The following specs has been used by our clients for the to coat the silicon surface with an epi-layer.

6" PRIME Grade FZ N/Ph <1-0-0> >5,000 Ohm-cm 425±15 um SSP TTV<10 BOW <30 WARP <30

The silicon wafers we purchase from you are used as substrates for epitaxial coating of silicon from our silicon gases (i.e. silane, disilane, and dichlorosilane). These epi coatings are deposited onto the wafers, then analyzed via Fourier Transform Photoluminescence spectrometry for acceptors and donors. Acceptors and donors are Group III and V elements phosphorus, boron, arsenic, aluminum, and in rare cases gallium, which give the silicon (normally an insulator) its semiconducting properties. As we test for the above elements, we need the substrate wafers to be largely free of them. The FTPL analyses are done down to the single-digit ppta level, so ultrahigh purity throughout this analysis is of the utmost importance.
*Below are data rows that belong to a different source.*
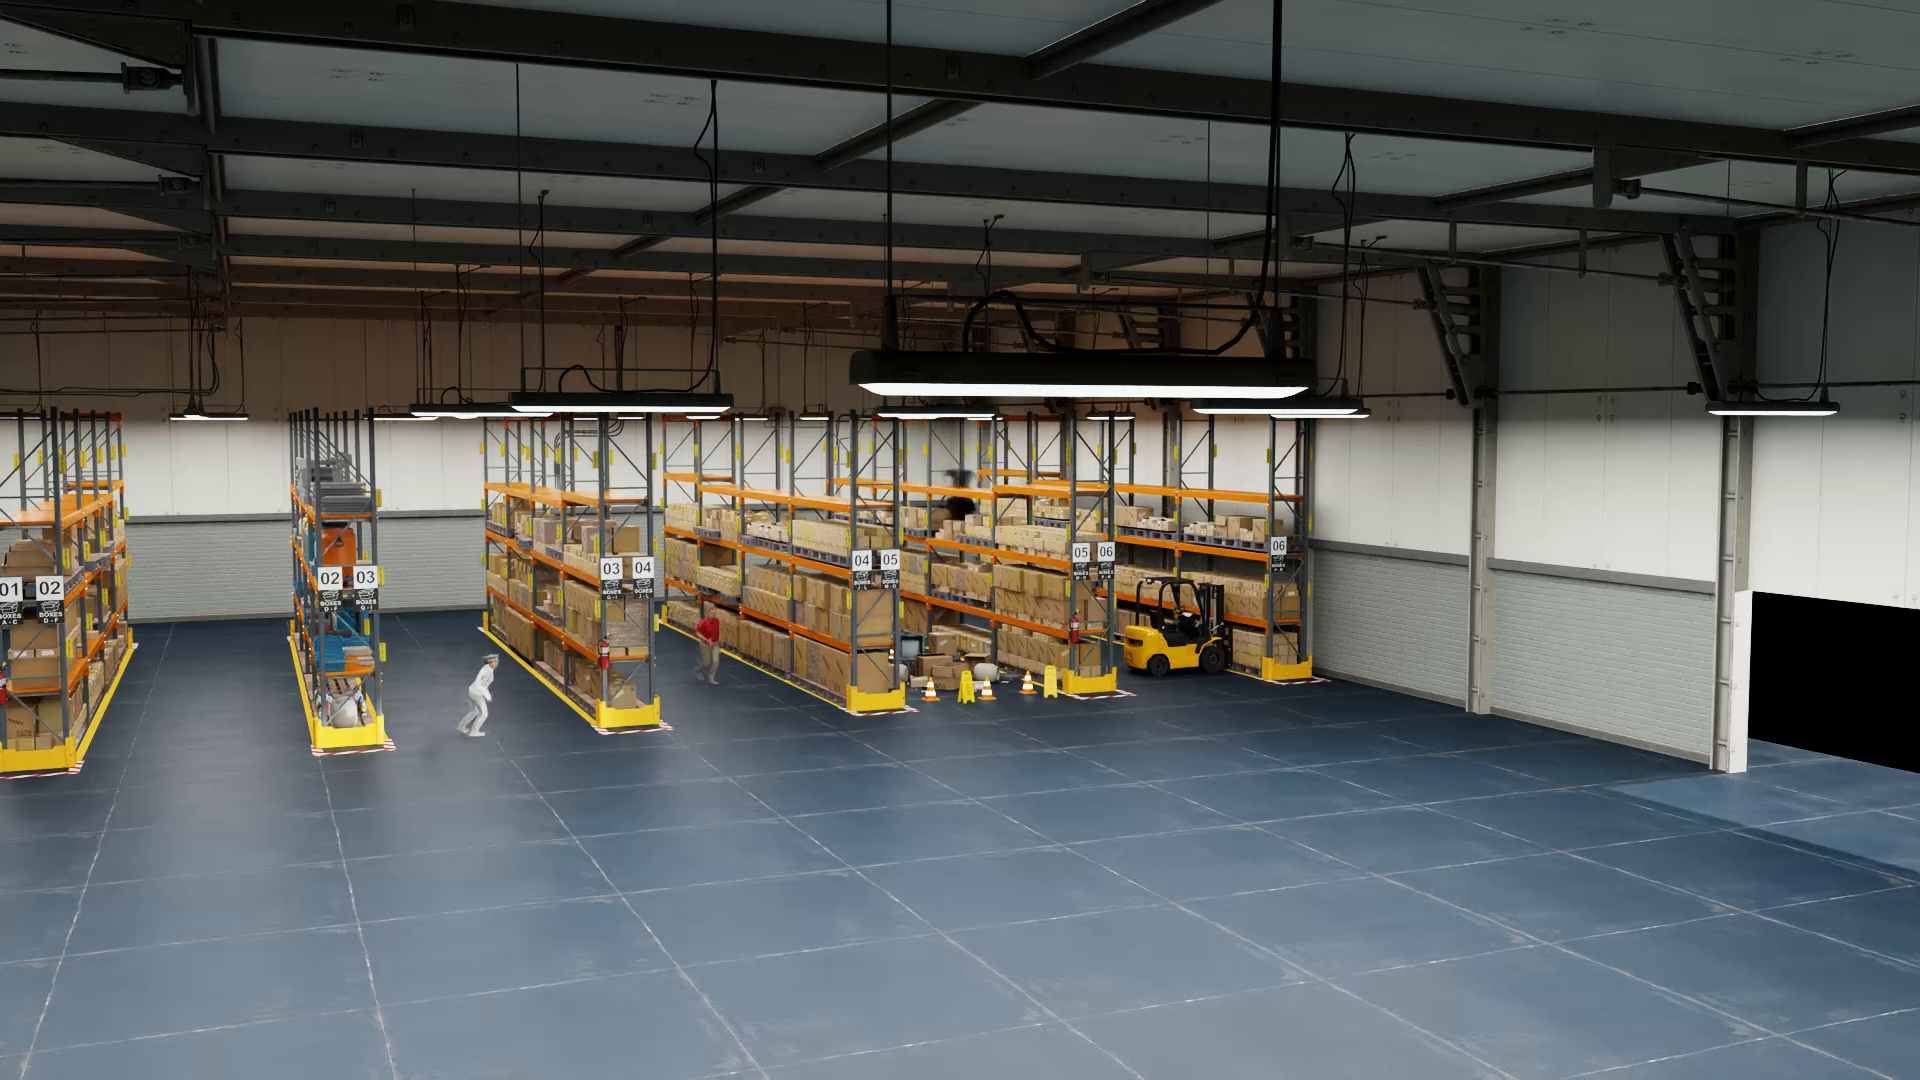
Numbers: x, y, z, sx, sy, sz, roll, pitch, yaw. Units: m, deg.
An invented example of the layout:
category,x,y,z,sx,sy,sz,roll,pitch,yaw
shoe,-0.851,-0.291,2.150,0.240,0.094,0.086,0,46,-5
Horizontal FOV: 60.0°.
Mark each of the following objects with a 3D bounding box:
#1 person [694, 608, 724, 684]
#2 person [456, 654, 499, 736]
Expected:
category,x,y,z,sx,sy,sz,roll,pitch,yaw
person,-5.566,2.330,36.685,0.659,1.677,0.776,-3,5,-38
person,-8.829,2.836,30.413,0.829,1.519,0.608,-1,4,-9
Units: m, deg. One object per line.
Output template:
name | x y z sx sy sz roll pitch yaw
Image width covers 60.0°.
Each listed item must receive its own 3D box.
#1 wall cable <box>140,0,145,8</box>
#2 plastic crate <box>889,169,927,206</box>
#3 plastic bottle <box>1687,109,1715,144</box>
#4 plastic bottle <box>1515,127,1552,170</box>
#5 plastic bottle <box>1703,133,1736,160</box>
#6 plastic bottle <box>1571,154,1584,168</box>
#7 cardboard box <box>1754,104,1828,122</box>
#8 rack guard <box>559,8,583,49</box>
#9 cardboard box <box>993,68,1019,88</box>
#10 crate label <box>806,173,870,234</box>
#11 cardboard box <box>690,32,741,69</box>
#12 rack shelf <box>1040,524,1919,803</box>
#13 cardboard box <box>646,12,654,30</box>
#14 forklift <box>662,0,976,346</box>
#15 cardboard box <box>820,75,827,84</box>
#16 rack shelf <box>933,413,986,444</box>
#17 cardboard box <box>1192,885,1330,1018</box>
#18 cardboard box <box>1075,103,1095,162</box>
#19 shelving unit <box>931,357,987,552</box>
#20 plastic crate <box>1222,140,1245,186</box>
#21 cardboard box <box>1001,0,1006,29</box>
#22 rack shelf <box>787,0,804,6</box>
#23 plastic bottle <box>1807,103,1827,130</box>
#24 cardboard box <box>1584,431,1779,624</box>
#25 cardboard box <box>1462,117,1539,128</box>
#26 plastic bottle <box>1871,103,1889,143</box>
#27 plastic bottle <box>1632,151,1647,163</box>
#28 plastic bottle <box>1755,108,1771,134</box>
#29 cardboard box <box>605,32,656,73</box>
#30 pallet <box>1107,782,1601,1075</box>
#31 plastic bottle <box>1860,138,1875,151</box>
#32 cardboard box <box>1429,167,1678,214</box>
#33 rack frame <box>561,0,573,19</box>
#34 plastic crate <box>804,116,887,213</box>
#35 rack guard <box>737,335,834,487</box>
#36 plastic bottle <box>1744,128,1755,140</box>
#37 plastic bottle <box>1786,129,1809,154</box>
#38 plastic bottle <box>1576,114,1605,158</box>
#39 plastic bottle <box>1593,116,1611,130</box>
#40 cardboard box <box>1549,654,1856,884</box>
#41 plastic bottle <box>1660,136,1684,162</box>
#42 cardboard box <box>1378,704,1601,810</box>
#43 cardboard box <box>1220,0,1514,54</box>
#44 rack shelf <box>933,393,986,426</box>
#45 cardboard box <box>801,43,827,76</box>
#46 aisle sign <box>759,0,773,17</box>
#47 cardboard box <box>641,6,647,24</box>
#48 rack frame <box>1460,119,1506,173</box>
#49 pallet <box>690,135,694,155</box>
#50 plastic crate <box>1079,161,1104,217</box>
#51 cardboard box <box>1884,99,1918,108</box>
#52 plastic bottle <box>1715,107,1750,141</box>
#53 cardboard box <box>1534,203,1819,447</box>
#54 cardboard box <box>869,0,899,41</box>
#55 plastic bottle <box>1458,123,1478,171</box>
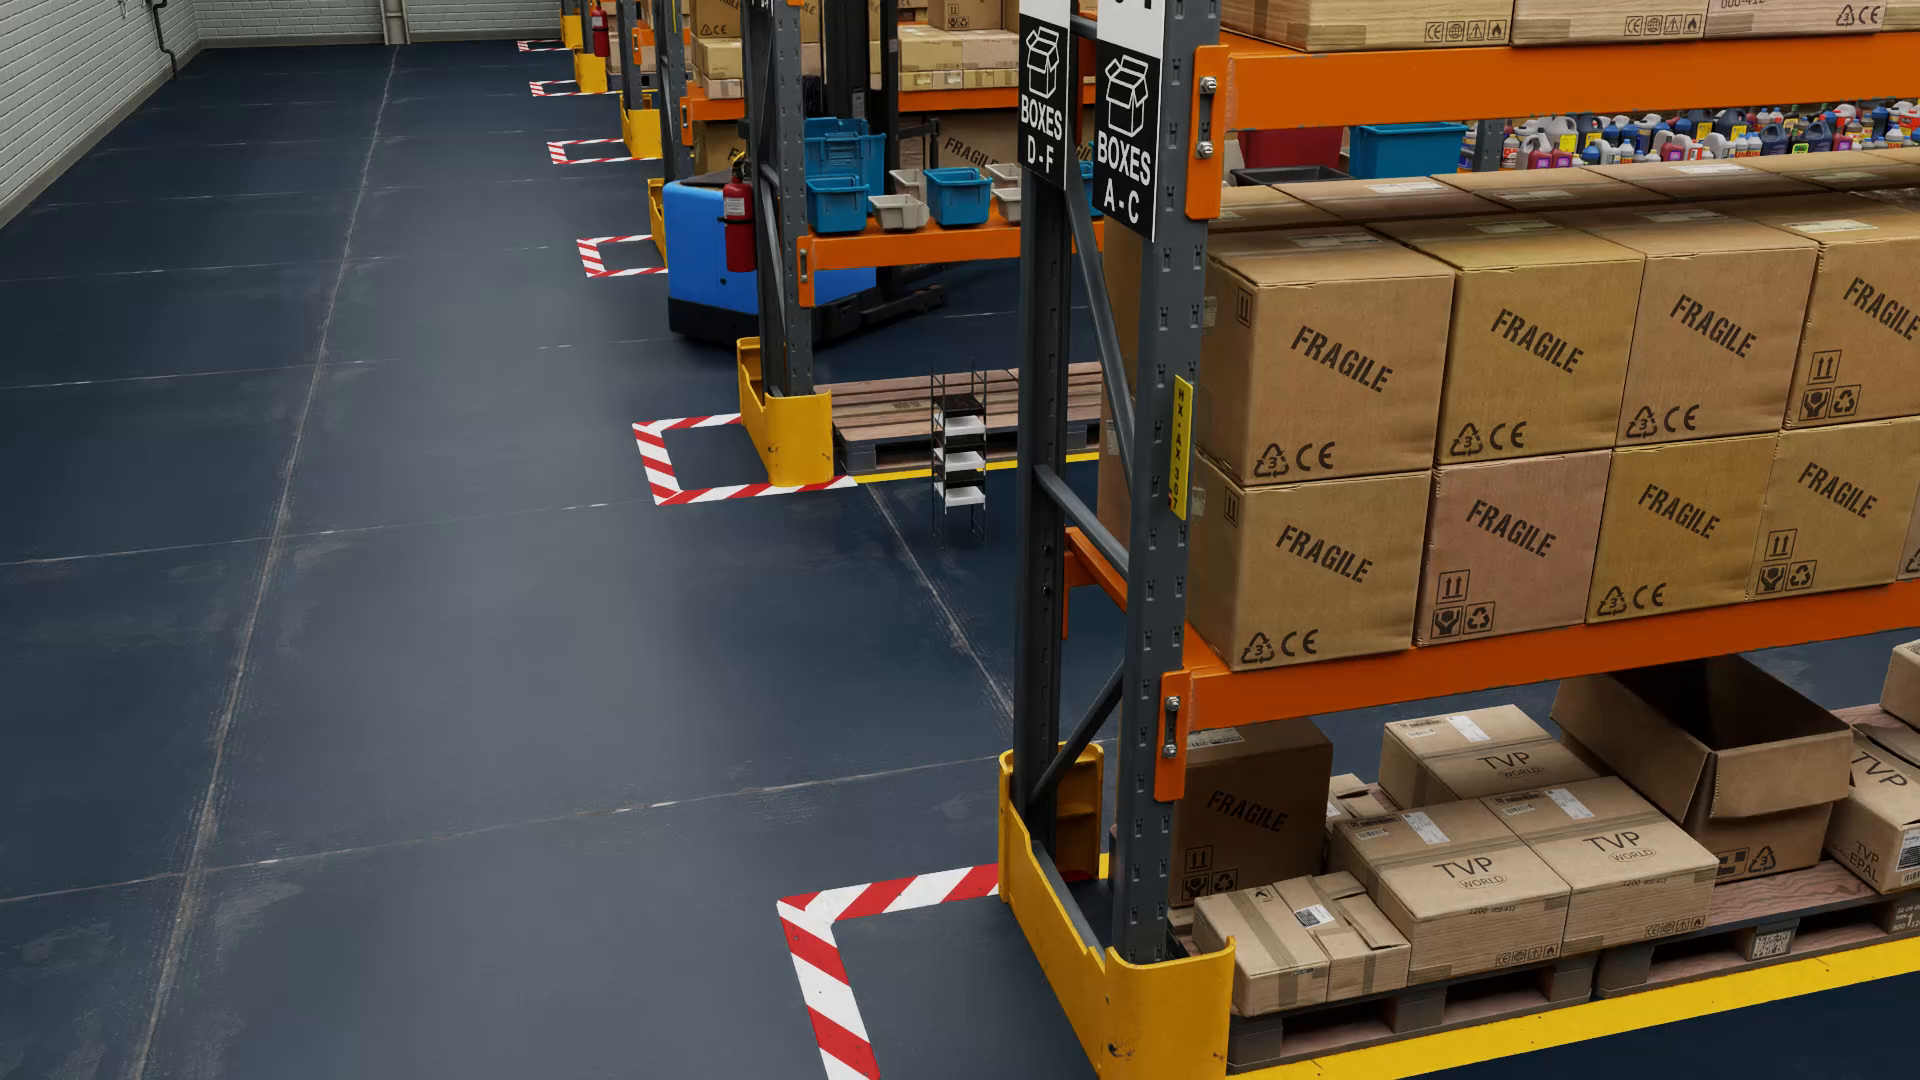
wall cable | -10.805 -7.939 21.660 0.122 1.984 0.588 -6 24 -14
plastic crate | -0.237 -1.964 9.280 0.243 0.136 0.396 -6 24 -14
plastic bottle | 4.735 -2.644 10.671 0.185 0.351 0.144 -6 24 -14
plastic bottle | 3.343 -2.224 9.691 0.185 0.351 0.144 -6 24 -14
plastic bottle | 4.541 -2.299 9.960 0.135 0.276 0.152 -6 24 -14
plastic bottle | 3.581 -2.147 9.701 0.097 0.201 0.097 0 23 0
cardboard box | 8.181 -4.013 16.410 0.500 0.500 0.700 -6 24 -15
rack guard | -6.259 -8.288 26.931 0.348 0.500 1.175 -6 24 -14
cardboard box | 0.344 -3.826 13.681 0.250 0.149 0.380 -6 24 -13
crate label | -0.647 -1.754 8.669 0.303 0.233 0.416 -6 24 -14
cardboard box | -1.916 -4.002 13.586 0.500 0.250 0.500 -7 24 -15
rack shelf | 2.287 0.097 5.132 4.000 0.370 1.077 -6 24 -14
cardboard box | -3.153 -5.470 17.514 0.250 0.149 0.380 -7 24 -15
forklift | -0.740 -3.093 11.742 1.130 2.935 3.031 16 28 32
cardboard box | -1.137 -3.663 13.300 0.250 0.149 0.380 -7 24 -15
rack shelf | -0.008 -0.547 8.013 0.200 0.077 0.258 -6 24 -14
cardboard box | 0.857 1.173 4.769 0.250 0.149 0.380 -6 24 -14
cardboard box | 0.883 -3.385 14.496 0.875 0.875 0.875 -6 24 -14
shelving unit | -0.008 -0.413 8.071 0.210 0.900 0.258 -6 24 -14
plastic crate | 1.358 -2.208 9.666 0.530 0.282 0.437 -6 24 -14
cardboard box | 0.534 -4.617 14.068 0.500 0.500 0.500 -6 24 -14
rack shelf | 0.952 -3.162 8.925 4.000 0.370 1.077 -6 24 -14
plastic bottle | 5.638 -2.730 10.957 0.133 0.283 0.061 -6 24 -14
cardboard box | 1.839 -0.123 4.606 0.500 0.500 0.500 -6 24 -15
cardboard box | 4.721 -3.785 15.429 0.875 0.875 1.225 -7 24 -17
plastic bottle | 6.106 -2.769 11.063 0.097 0.271 0.097 0 23 0
plastic bottle | 3.992 -2.192 9.807 0.097 0.201 0.097 0 23 0
plastic bottle | 5.216 -2.671 10.834 0.097 0.271 0.097 0 23 0
cardboard box | -4.380 -6.668 22.703 0.875 0.438 0.875 -7 24 -16
pallet | 1.202 1.168 5.261 1.213 0.211 1.003 -6 24 -14
plastic bottle | 5.554 -2.365 10.210 0.097 0.201 0.097 0 23 0
cardboard box | 1.699 -0.789 4.890 0.500 0.500 0.500 -6 24 -13
rack frame | -6.333 -9.428 26.420 0.127 3.000 1.000 -6 24 -14
plastic crate | -0.701 -2.052 9.107 0.499 0.435 0.616 -6 24 -14
rack guard | -0.993 -0.745 9.353 0.348 0.500 1.175 -6 24 -14
plastic bottle | 4.809 -2.374 10.142 0.097 0.271 0.097 0 23 0
plastic bottle | 5.048 -2.339 10.046 0.133 0.283 0.061 -6 24 -14
plastic bottle | 3.891 -2.492 10.316 0.185 0.351 0.144 -6 24 -14
plastic bottle | 4.007 -2.528 10.495 0.135 0.276 0.152 -6 24 -14
cardboard box | 2.405 0.700 5.421 0.637 0.503 0.797 -6 24 -14
plastic bottle | 4.201 -2.246 9.828 0.133 0.283 0.061 -6 24 -14
cardboard box | 1.741 0.800 5.512 0.500 0.250 0.500 -6 24 -14
cardboard box | 0.924 -1.288 3.835 0.500 0.250 0.500 -6 24 -14
rack shelf | -0.008 -0.630 7.977 0.200 0.077 0.258 -6 24 -14
cardboard box | -1.278 -3.856 13.246 0.500 0.250 0.500 -7 24 -15
aisle sign | -0.962 -2.976 8.084 0.004 0.787 0.394 -6 24 -14
cardboard box | -3.316 -5.702 18.054 0.250 0.149 0.380 -6 24 -14
rack frame | 2.878 -2.328 9.871 0.127 3.000 1.000 -6 24 -14
pallet | -2.689 -4.476 18.413 1.213 0.211 1.003 -6 24 -14
plastic crate | 0.621 -1.894 8.996 0.300 0.233 0.416 -6 24 -14
cardboard box | 9.639 -4.132 16.713 0.500 0.500 0.500 -7 24 -16
plastic bottle | 4.906 -2.601 10.570 0.185 0.351 0.144 -6 24 -14
cardboard box | 1.844 -0.583 4.410 0.500 0.500 0.500 -6 24 -14
cardboard box | -0.798 -4.254 13.221 0.500 0.500 0.500 -7 24 -16
plastic bottle | 3.170 -2.435 10.279 0.135 0.276 0.152 -6 24 -14
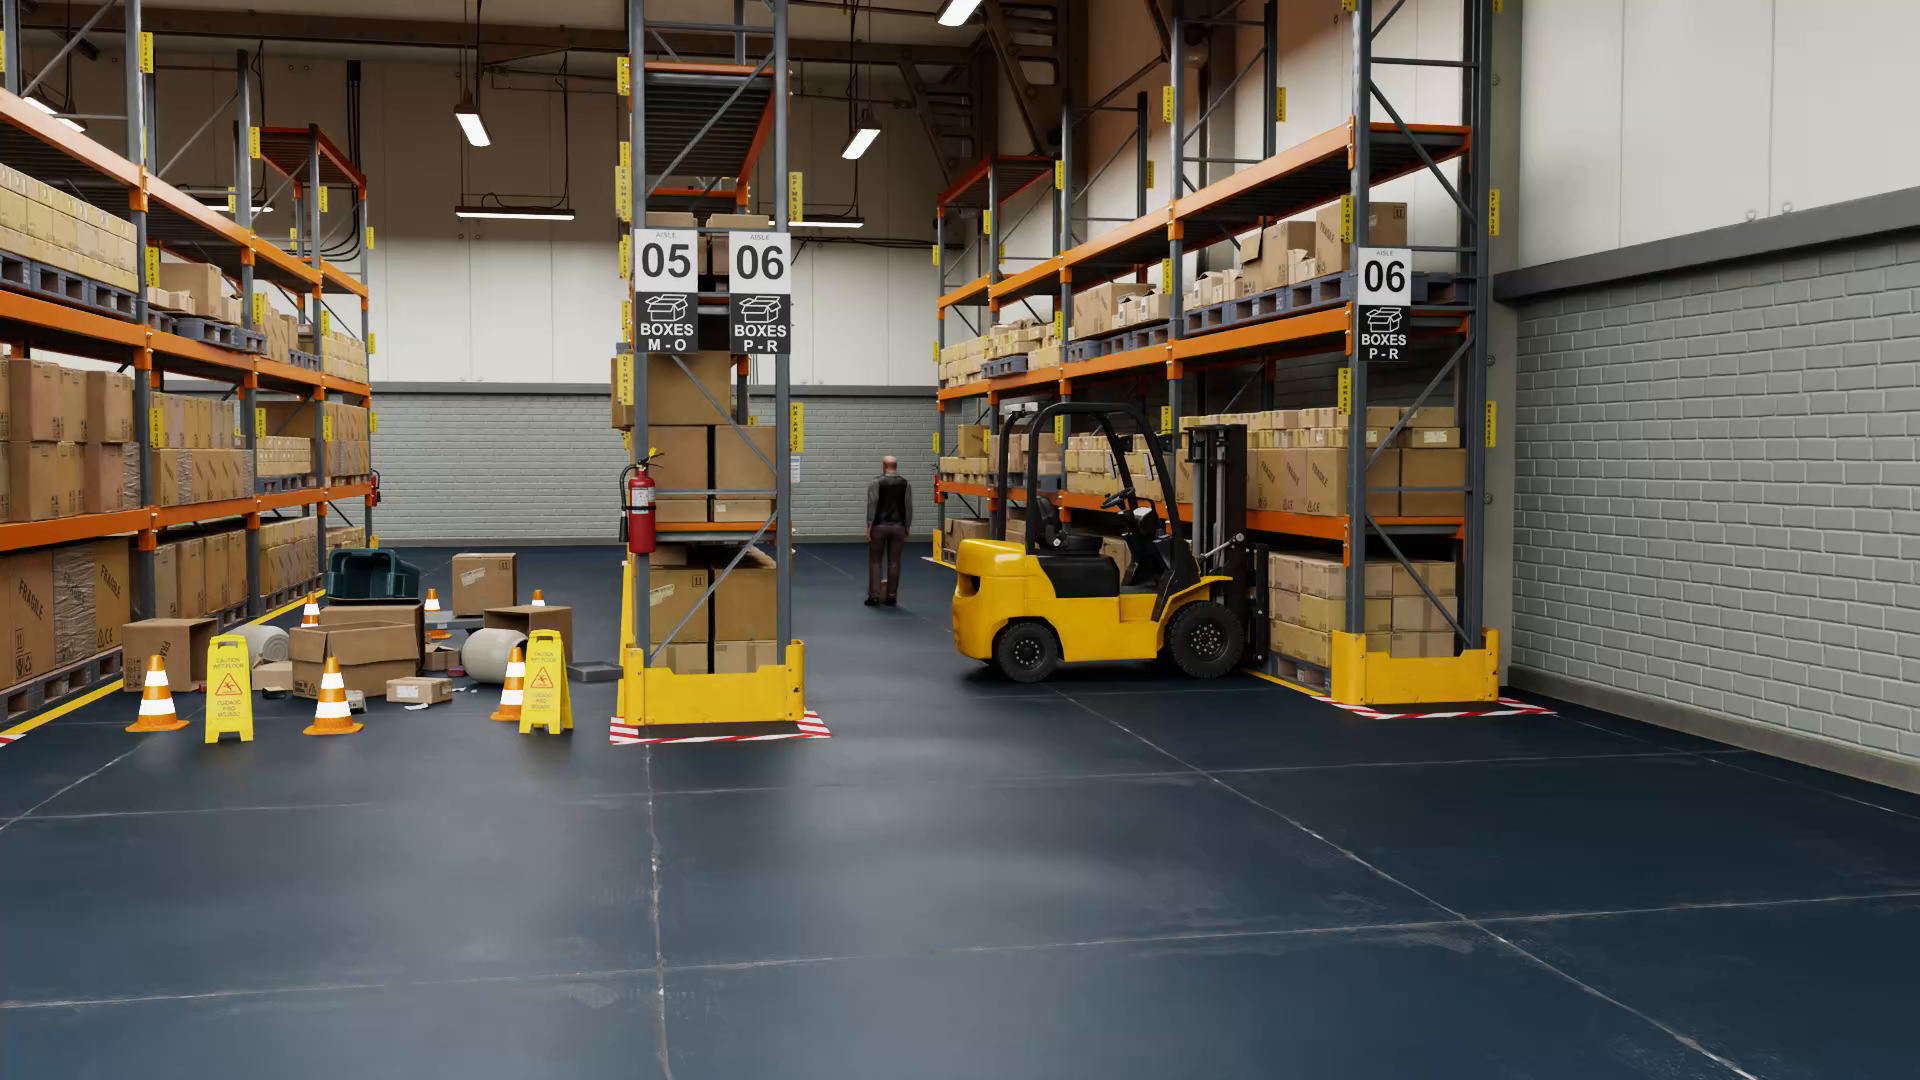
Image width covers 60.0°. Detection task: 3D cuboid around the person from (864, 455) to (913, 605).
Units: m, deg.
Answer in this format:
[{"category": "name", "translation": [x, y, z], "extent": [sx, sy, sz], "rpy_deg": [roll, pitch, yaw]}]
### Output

This is because the ultra-thin epitaxial layers (i.e. <100 microns) allow the substrate to be somewhat "visible" through the epitaxial coating. Hence, doped wafers will distort the analysis/measurement, and make the epitaxy (which we use to quantify these dopants in our silicon gases) appear to be more contaminated that it actually is. The FTPL measurement is what we use to certify the acceptor and donor levels to our customers, on our COAs for our products.

Having bismuth or indium doped wafers would be a huge plus for us, as the major feature in our FTPL spectra is the large silicon two-phonon band. If the substrate were doped with bismuth or indium, it would make the two-phonon band appear smaller to the spectrometer, effectively removing the large two-phonon band from the substrate spectrum, while not interfering with the spectrum of the epitaxial layer. However, we have so far been unable to find any such doped wafers. Even gallium-doped wafers would possibly be valuable in this regard, although the gallium peak is much closer to the no-phonon bands of phosphorus arsenic and aluminum that we use to quantify these analytes.